Vier Jahre später war auch Chapman am Ziel. Seine letzten Worte waren:
"Der Friede Gottes, der allen Verstand übersteigt ..."
Hunderte von Menschen kamen zu seiner Beerdigung. Sein Biograph schreibt:
"Sie kamen aus dem ganzen Land. Baptisten, Methodisten, Kongregationalisten und Anglikaner kamen ans Grab mit 'Brüdern' zusammen, am Grabe des Mannes, der sie durch sein Wort und sein Beispiel gelehrt hatte, daß alle wiedergeborenen Menschen Brüder und Schwestern in Christus sind.

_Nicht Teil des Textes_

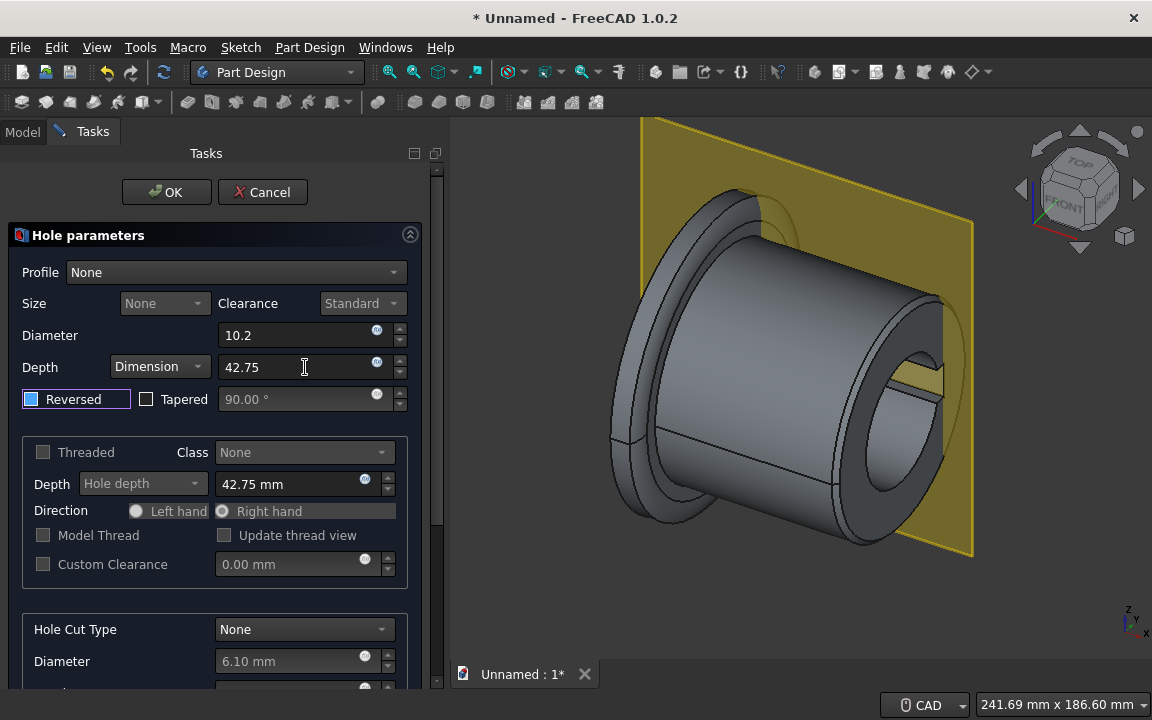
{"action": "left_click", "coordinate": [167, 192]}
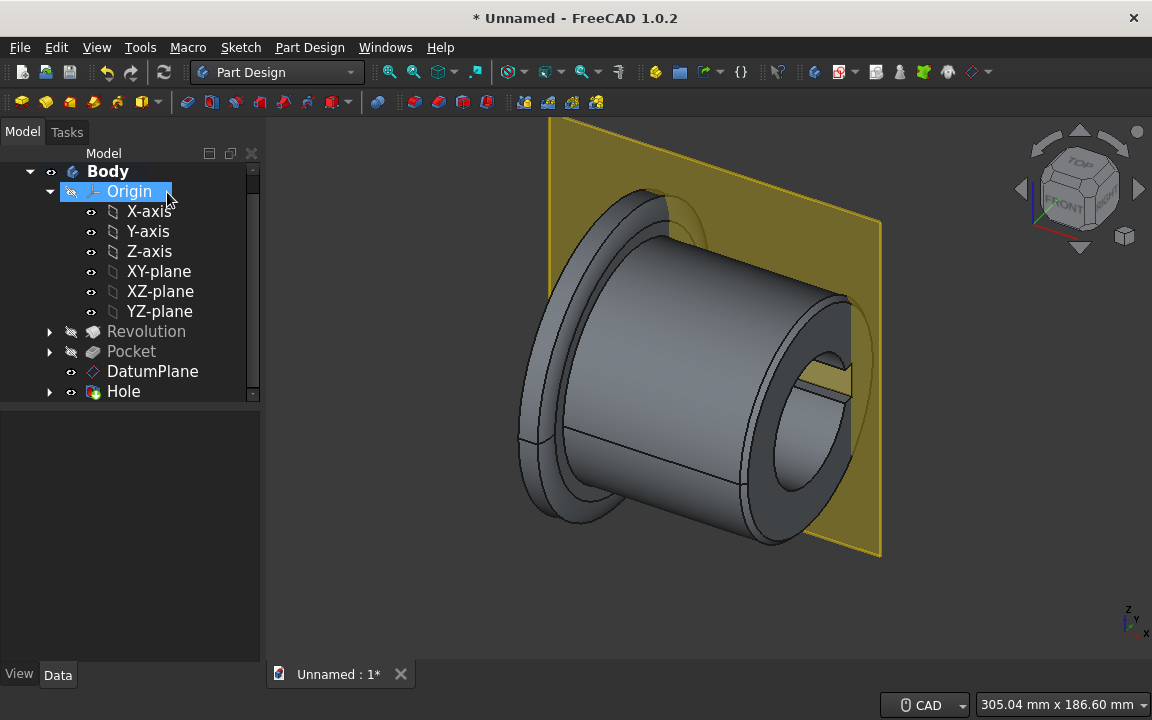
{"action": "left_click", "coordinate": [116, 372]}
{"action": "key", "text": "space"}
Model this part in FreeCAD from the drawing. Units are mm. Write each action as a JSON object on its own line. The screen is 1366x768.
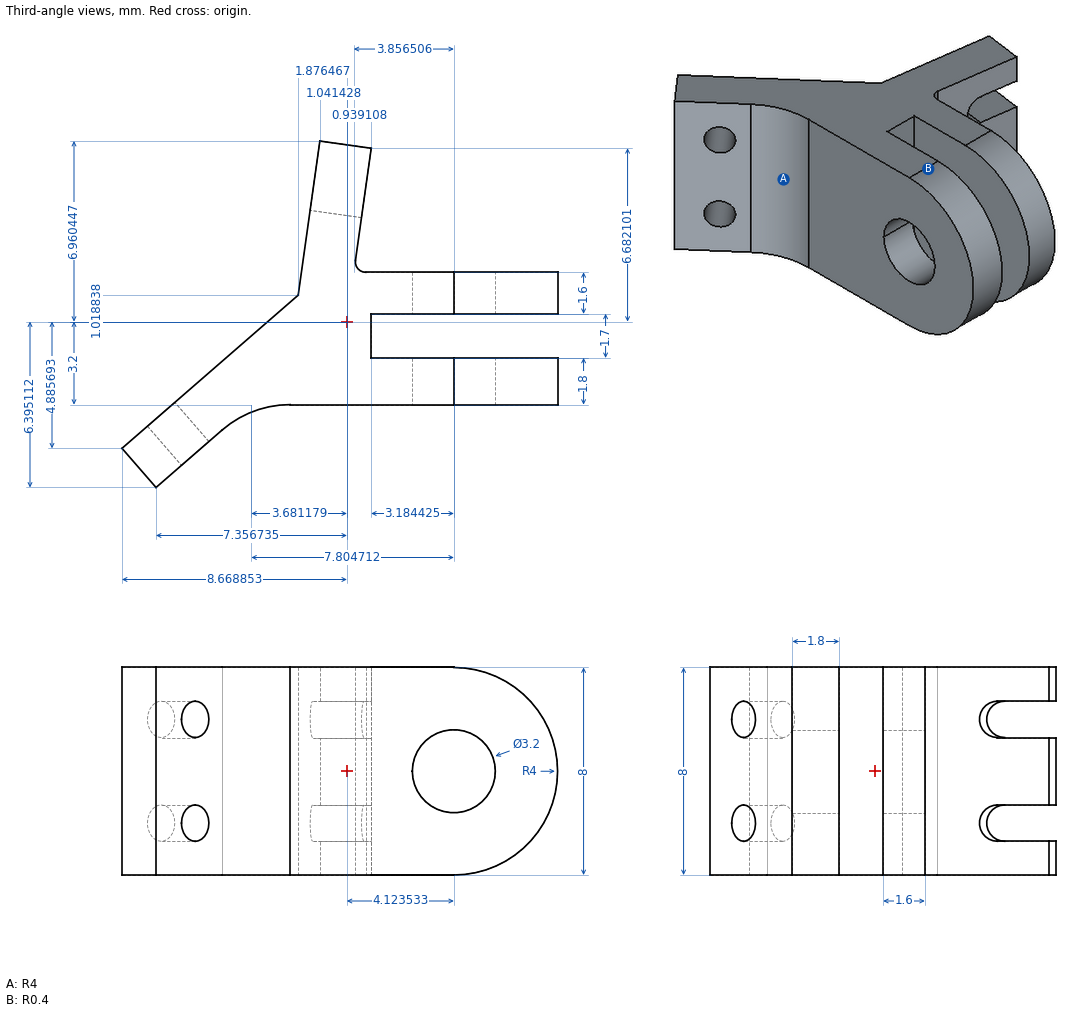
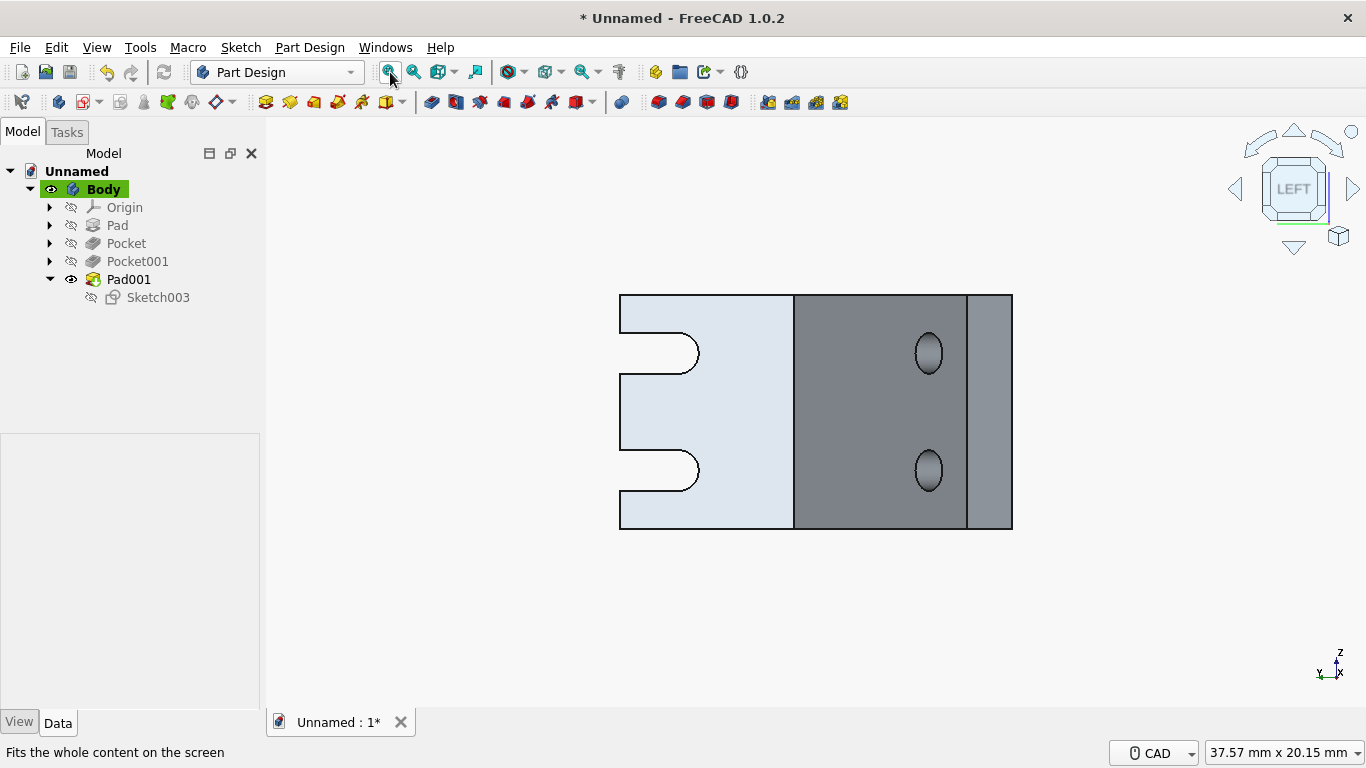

Und obwohl er nie auch nur einen Zentimeter von seinen Überzeugungen bezüglich der Anbetung und Leitung in der Gemeinde abgewichen war, wußten doch alle, daß er sie von Herzen lieb gehabt und es immer von Herzen bedauert hatte, daß es nicht mehr Einigkeit in diesen Fragen unter Gottes Kindern gab. Sie wußten, daß sie einen 'wahren' Bruder verloren hatten."
Gott schenke, daß das Beispiel dieses gesegneten Lebens uns anspornt, in einer Welt, in der es nicht an "christlichen" Predigten mangelt, Christus zu leben und auf diese Weise Menschen für unseren Herrn zu gewinnen.